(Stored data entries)
--------------------------------

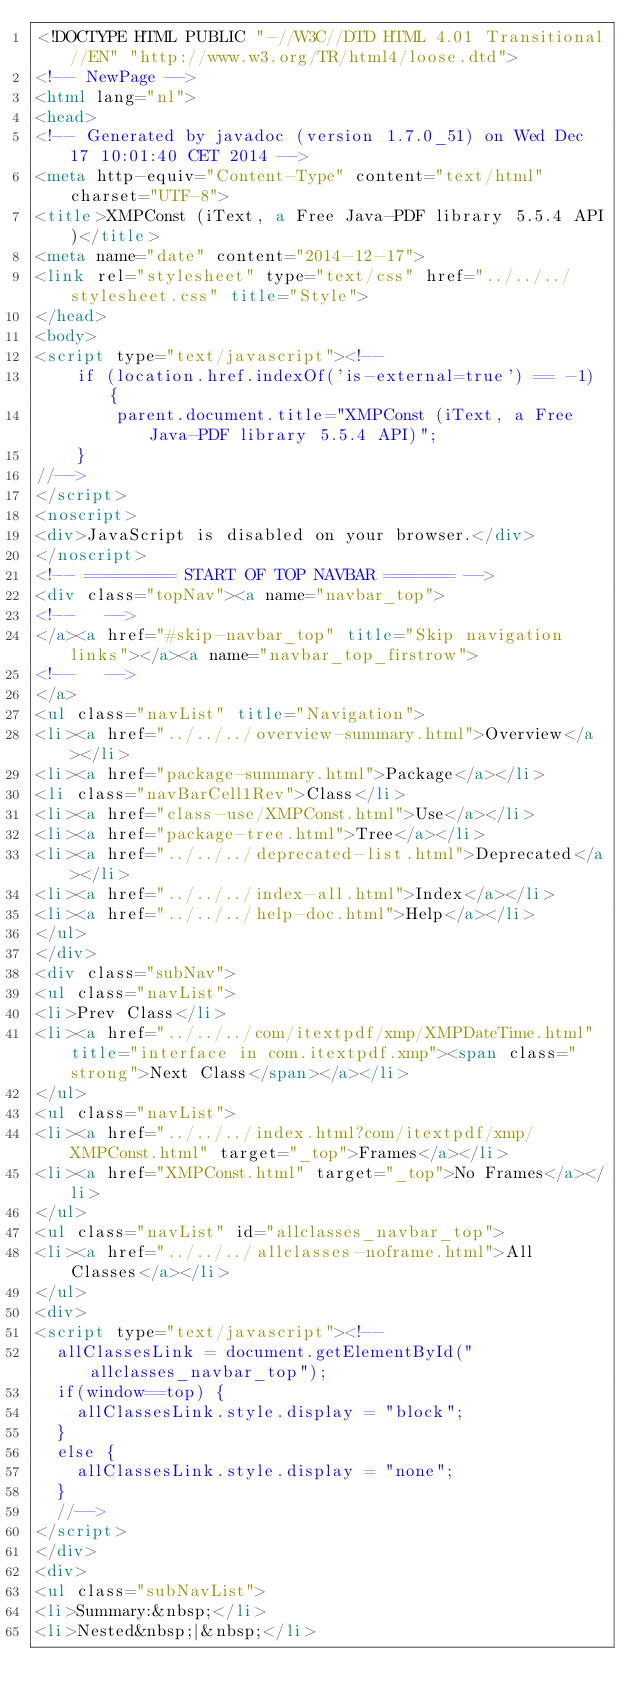Convert code to text. <code><loc_0><loc_0><loc_500><loc_500><_HTML_><!DOCTYPE HTML PUBLIC "-//W3C//DTD HTML 4.01 Transitional//EN" "http://www.w3.org/TR/html4/loose.dtd">
<!-- NewPage -->
<html lang="nl">
<head>
<!-- Generated by javadoc (version 1.7.0_51) on Wed Dec 17 10:01:40 CET 2014 -->
<meta http-equiv="Content-Type" content="text/html" charset="UTF-8">
<title>XMPConst (iText, a Free Java-PDF library 5.5.4 API)</title>
<meta name="date" content="2014-12-17">
<link rel="stylesheet" type="text/css" href="../../../stylesheet.css" title="Style">
</head>
<body>
<script type="text/javascript"><!--
    if (location.href.indexOf('is-external=true') == -1) {
        parent.document.title="XMPConst (iText, a Free Java-PDF library 5.5.4 API)";
    }
//-->
</script>
<noscript>
<div>JavaScript is disabled on your browser.</div>
</noscript>
<!-- ========= START OF TOP NAVBAR ======= -->
<div class="topNav"><a name="navbar_top">
<!--   -->
</a><a href="#skip-navbar_top" title="Skip navigation links"></a><a name="navbar_top_firstrow">
<!--   -->
</a>
<ul class="navList" title="Navigation">
<li><a href="../../../overview-summary.html">Overview</a></li>
<li><a href="package-summary.html">Package</a></li>
<li class="navBarCell1Rev">Class</li>
<li><a href="class-use/XMPConst.html">Use</a></li>
<li><a href="package-tree.html">Tree</a></li>
<li><a href="../../../deprecated-list.html">Deprecated</a></li>
<li><a href="../../../index-all.html">Index</a></li>
<li><a href="../../../help-doc.html">Help</a></li>
</ul>
</div>
<div class="subNav">
<ul class="navList">
<li>Prev Class</li>
<li><a href="../../../com/itextpdf/xmp/XMPDateTime.html" title="interface in com.itextpdf.xmp"><span class="strong">Next Class</span></a></li>
</ul>
<ul class="navList">
<li><a href="../../../index.html?com/itextpdf/xmp/XMPConst.html" target="_top">Frames</a></li>
<li><a href="XMPConst.html" target="_top">No Frames</a></li>
</ul>
<ul class="navList" id="allclasses_navbar_top">
<li><a href="../../../allclasses-noframe.html">All Classes</a></li>
</ul>
<div>
<script type="text/javascript"><!--
  allClassesLink = document.getElementById("allclasses_navbar_top");
  if(window==top) {
    allClassesLink.style.display = "block";
  }
  else {
    allClassesLink.style.display = "none";
  }
  //-->
</script>
</div>
<div>
<ul class="subNavList">
<li>Summary:&nbsp;</li>
<li>Nested&nbsp;|&nbsp;</li></code>

--------------------------------

### The problem:
The entries above should be given again exactly, minus any pictures.

### Reply to the task:
Convert code to text. <code><loc_0><loc_0><loc_500><loc_500><_HTML_><!DOCTYPE HTML PUBLIC "-//W3C//DTD HTML 4.01 Transitional//EN" "http://www.w3.org/TR/html4/loose.dtd">
<!-- NewPage -->
<html lang="nl">
<head>
<!-- Generated by javadoc (version 1.7.0_51) on Wed Dec 17 10:01:40 CET 2014 -->
<meta http-equiv="Content-Type" content="text/html" charset="UTF-8">
<title>XMPConst (iText, a Free Java-PDF library 5.5.4 API)</title>
<meta name="date" content="2014-12-17">
<link rel="stylesheet" type="text/css" href="../../../stylesheet.css" title="Style">
</head>
<body>
<script type="text/javascript"><!--
    if (location.href.indexOf('is-external=true') == -1) {
        parent.document.title="XMPConst (iText, a Free Java-PDF library 5.5.4 API)";
    }
//-->
</script>
<noscript>
<div>JavaScript is disabled on your browser.</div>
</noscript>
<!-- ========= START OF TOP NAVBAR ======= -->
<div class="topNav"><a name="navbar_top">
<!--   -->
</a><a href="#skip-navbar_top" title="Skip navigation links"></a><a name="navbar_top_firstrow">
<!--   -->
</a>
<ul class="navList" title="Navigation">
<li><a href="../../../overview-summary.html">Overview</a></li>
<li><a href="package-summary.html">Package</a></li>
<li class="navBarCell1Rev">Class</li>
<li><a href="class-use/XMPConst.html">Use</a></li>
<li><a href="package-tree.html">Tree</a></li>
<li><a href="../../../deprecated-list.html">Deprecated</a></li>
<li><a href="../../../index-all.html">Index</a></li>
<li><a href="../../../help-doc.html">Help</a></li>
</ul>
</div>
<div class="subNav">
<ul class="navList">
<li>Prev Class</li>
<li><a href="../../../com/itextpdf/xmp/XMPDateTime.html" title="interface in com.itextpdf.xmp"><span class="strong">Next Class</span></a></li>
</ul>
<ul class="navList">
<li><a href="../../../index.html?com/itextpdf/xmp/XMPConst.html" target="_top">Frames</a></li>
<li><a href="XMPConst.html" target="_top">No Frames</a></li>
</ul>
<ul class="navList" id="allclasses_navbar_top">
<li><a href="../../../allclasses-noframe.html">All Classes</a></li>
</ul>
<div>
<script type="text/javascript"><!--
  allClassesLink = document.getElementById("allclasses_navbar_top");
  if(window==top) {
    allClassesLink.style.display = "block";
  }
  else {
    allClassesLink.style.display = "none";
  }
  //-->
</script>
</div>
<div>
<ul class="subNavList">
<li>Summary:&nbsp;</li>
<li>Nested&nbsp;|&nbsp;</li></code>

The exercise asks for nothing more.